Une intervention publique et des initiatives citoyennes
Les économistes atterrés en sont convaincus. Accompagnée de lois
d’objectifs, la fiscalité écologique doit aussi être incitative pour
aider les productions non polluantes, privilégiant la durée de vie des
produits plutôt que leur obsolescence programmée, ainsi que
l’agriculture de proximité, biologique ou agro-écologique au détriment
de l’agriculture intensive, grosse consommatrice d’énergie et d’intrants
chimiques. «La politique agricole commune, qui représente un tiers
du budget total de l’Union européenne doit être revue en fonction de ces
nouvelles exigences», affirme le Nouveau manifeste, alors que le
verdissement souhaité lors de la dernière réforme de la PAC a
passablement échoué.
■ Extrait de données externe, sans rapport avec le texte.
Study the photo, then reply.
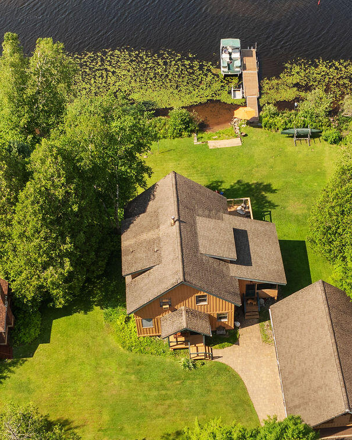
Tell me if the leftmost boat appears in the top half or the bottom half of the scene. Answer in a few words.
top
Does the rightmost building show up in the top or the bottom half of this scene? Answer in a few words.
bottom
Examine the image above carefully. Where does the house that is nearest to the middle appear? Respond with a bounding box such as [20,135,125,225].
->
[119,170,287,364]
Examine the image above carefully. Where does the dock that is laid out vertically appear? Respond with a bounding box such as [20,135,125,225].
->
[241,39,261,123]

Pour être durable, la transition énergétique doit
aussi s’appuyer sur une forte intervention publique, des initiatives de
collectivités locales et de citoyens.
Réduire les inégalités par l’éducation et la rénovation urbaine
Intéressante, leur initiative inscrit l’écologie au cœur d’un projet de société global, qui donne également la priorité «à la réduction des inégalités de revenus, qui ont bondi depuis les années 1990 et encore plus depuis 2008»,
rappelle Anne Eydoux, maître de conférences à l’université Rennes 2.
L’économiste n’oublie pas les inégalités sociales, touchant les femmes
ou les étrangers, estimant qu’il faut donner davantage de moyens à
l’Education nationale et lancer de grandes politiques de rénovation
urbaine.
Quel écho dans la société?
Le Nouveau manifeste complète son projet par la promotion des salaires
élevés, des contrats à durée indéterminée, de la réduction du temps de
travail… «La mise en place des 35 heures a permis de créer en France de 300.000 à 500.000 emplois»,
rappelle le nouvel opus. Et pour ne pas perdre le fil de la reconquête
de ce bien-être social et environnemental, un nouvel indicateur doit
compenser les manques du PIB, en intégrant la production non marchande
des administrations et le respect des équilibres sociaux et écologiques.
Seront-ils entendus? Au regard du succès inattendu de leur premier
manifeste, vendu à près de 100.000 exemplaires, de bonnes surprises sont
possibles. «Nous ne sommes ni conseillers du prince ni un groupe de lobbying mais une simple association citoyenne», répond le collectif, qui se refuse à tout pronostic.